How Does a Turing Test Work?

A Turing test works with an interrogator asking a test subject a series of questions. Each party is kept in a separate area, so no physical contact is allowed. The responses given by the test subject are evaluated based on whether answers can discriminate between whether a human subject would give the response or not.

Has Any Machine Passed the Turing Test?

In 2018, Google Duplex was introduced at the annual Google I/O Annual Developer Conference. The machine scheduled a hair salon appointment and interacted with a hair salon assistant via the phone as part of the conversation. Though some critics view the outcome differently, some believe Google Duplex passed the Turing test.

Can a Human Fail the Turing Test?

Yes. Although a Turing test is based on knowledge and intelligence, it is also about evaluating how responses are given and whether the answers are interpreted to be sneaky.

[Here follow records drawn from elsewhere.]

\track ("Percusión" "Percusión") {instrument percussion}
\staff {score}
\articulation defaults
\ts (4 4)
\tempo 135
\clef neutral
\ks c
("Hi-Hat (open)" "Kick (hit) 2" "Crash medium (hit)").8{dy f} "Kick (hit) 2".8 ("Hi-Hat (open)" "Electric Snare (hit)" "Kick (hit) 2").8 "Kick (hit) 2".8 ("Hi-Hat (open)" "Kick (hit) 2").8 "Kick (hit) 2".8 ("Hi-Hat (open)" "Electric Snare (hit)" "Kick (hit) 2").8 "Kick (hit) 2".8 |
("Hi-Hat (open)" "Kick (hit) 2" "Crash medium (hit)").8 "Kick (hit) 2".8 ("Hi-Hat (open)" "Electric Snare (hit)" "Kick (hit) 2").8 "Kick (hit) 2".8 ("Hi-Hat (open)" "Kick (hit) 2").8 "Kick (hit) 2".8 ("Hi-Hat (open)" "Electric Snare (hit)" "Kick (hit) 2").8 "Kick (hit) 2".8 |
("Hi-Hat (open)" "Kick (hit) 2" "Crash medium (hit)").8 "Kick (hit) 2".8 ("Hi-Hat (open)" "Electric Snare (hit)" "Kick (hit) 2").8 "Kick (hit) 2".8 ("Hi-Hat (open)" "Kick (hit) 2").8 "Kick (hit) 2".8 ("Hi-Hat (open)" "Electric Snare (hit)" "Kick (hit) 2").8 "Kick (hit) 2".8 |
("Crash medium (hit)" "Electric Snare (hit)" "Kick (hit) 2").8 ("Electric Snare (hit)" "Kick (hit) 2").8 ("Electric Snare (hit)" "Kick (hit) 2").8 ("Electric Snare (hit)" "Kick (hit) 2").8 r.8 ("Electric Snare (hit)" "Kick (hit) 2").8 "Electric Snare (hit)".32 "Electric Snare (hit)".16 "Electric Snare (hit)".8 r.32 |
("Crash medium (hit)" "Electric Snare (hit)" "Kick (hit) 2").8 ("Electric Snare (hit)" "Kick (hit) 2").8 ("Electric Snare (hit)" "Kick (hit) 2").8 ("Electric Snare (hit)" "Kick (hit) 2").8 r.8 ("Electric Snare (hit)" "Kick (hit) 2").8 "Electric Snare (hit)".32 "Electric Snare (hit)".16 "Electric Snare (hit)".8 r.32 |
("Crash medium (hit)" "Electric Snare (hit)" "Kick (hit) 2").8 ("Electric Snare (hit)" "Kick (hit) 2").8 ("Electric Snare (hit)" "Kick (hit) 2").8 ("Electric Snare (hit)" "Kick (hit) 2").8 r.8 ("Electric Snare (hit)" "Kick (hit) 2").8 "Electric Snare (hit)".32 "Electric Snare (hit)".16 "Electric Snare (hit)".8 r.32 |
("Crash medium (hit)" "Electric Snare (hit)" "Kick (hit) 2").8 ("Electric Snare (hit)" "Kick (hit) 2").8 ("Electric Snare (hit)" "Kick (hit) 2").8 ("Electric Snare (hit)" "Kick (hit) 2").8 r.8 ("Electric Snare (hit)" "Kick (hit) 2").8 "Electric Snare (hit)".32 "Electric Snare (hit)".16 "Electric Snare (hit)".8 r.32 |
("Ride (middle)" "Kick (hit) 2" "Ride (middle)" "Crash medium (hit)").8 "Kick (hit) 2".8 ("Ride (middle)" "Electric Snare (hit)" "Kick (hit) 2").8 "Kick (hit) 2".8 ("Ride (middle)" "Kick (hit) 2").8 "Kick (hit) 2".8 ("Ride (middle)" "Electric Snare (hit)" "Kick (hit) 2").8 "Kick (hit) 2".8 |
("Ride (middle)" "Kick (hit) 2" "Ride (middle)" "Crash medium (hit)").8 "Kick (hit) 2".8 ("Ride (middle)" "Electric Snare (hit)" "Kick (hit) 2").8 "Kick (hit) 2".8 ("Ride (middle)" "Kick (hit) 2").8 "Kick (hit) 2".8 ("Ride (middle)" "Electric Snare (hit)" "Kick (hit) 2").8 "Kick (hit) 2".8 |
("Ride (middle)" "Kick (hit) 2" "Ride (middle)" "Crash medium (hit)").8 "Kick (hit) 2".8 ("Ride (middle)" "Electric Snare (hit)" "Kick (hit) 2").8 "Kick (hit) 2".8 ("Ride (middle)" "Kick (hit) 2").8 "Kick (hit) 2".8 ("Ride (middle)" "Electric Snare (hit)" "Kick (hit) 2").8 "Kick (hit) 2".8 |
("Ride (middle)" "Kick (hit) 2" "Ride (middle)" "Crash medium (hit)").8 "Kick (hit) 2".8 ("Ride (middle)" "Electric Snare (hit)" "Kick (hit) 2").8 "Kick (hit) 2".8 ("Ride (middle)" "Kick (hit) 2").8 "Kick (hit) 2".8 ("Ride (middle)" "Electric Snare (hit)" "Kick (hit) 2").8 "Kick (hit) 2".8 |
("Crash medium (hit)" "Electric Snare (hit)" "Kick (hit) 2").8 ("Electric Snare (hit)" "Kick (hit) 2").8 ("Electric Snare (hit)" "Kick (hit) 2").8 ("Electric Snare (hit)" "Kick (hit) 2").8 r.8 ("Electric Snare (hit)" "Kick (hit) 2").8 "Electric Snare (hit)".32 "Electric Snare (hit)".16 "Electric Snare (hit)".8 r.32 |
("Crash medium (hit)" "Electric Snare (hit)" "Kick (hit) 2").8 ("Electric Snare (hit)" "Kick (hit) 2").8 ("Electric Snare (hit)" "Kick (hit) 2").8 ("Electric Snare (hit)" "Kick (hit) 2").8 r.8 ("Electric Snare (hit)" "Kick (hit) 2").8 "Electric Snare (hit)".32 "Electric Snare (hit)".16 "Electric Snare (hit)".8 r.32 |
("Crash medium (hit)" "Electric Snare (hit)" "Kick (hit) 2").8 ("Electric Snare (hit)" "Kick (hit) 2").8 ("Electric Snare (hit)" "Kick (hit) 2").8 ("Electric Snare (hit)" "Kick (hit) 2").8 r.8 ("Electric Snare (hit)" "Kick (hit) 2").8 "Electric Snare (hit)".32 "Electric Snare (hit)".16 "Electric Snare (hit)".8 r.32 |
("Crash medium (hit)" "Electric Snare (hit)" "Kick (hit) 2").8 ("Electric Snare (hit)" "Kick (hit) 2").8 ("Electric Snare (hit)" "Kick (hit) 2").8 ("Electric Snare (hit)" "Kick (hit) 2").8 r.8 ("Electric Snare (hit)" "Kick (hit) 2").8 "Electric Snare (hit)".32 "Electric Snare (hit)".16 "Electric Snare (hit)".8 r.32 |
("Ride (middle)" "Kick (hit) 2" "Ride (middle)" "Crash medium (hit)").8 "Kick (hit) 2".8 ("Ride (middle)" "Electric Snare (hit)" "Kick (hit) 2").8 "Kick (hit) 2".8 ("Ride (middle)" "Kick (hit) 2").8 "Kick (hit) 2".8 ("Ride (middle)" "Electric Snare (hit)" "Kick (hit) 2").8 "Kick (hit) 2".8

For example, imagine being asked to provide the sum of 43,219 and 87,878. Whether or not you can provide the correct answer is only part of the exam; the Turing test evaluates how long it takes you provide an answer, any clarifying questions you ask in response, or whether you comprehend to add and not subject the two figures. Based on any human's responses, it is possible to be mistaken for a computer (i.e. if you accidently subtracted instead of added the figures, that may be incriminating evidence).

What Are Examples of Turing Test Questions?

An interesting example of a potential Turing test question may be based around language and the play on words. For example, a question may ask "what is the different being time flying and an airplane flying?". Though this type of question may be unfair for participants not familiar with the English language, it is also an example of being able to make logical distinctions where a single instance (i.e. the word fly) may mean different things in different contexts.

Another example of a Turing test question is often nonsensical questions. Questions such as "Is the difference between football that the batter wears a helmet?" is grammatically incorrect and easily detectible by a human as not making any sense. However, a machine may still try to parse a response.

The Bottom Line

The Turing test is an assessment to determine whether a machine is able to exhibit the same intelligence as a human. There are now many variations of the Turing test, and as technology continues to advance with AI at the forefront, new lines of thinking are emerging with regard to means of determining intelligence and a lot of nuances are resulting from that thinking as well, which requires more work to be done in this area.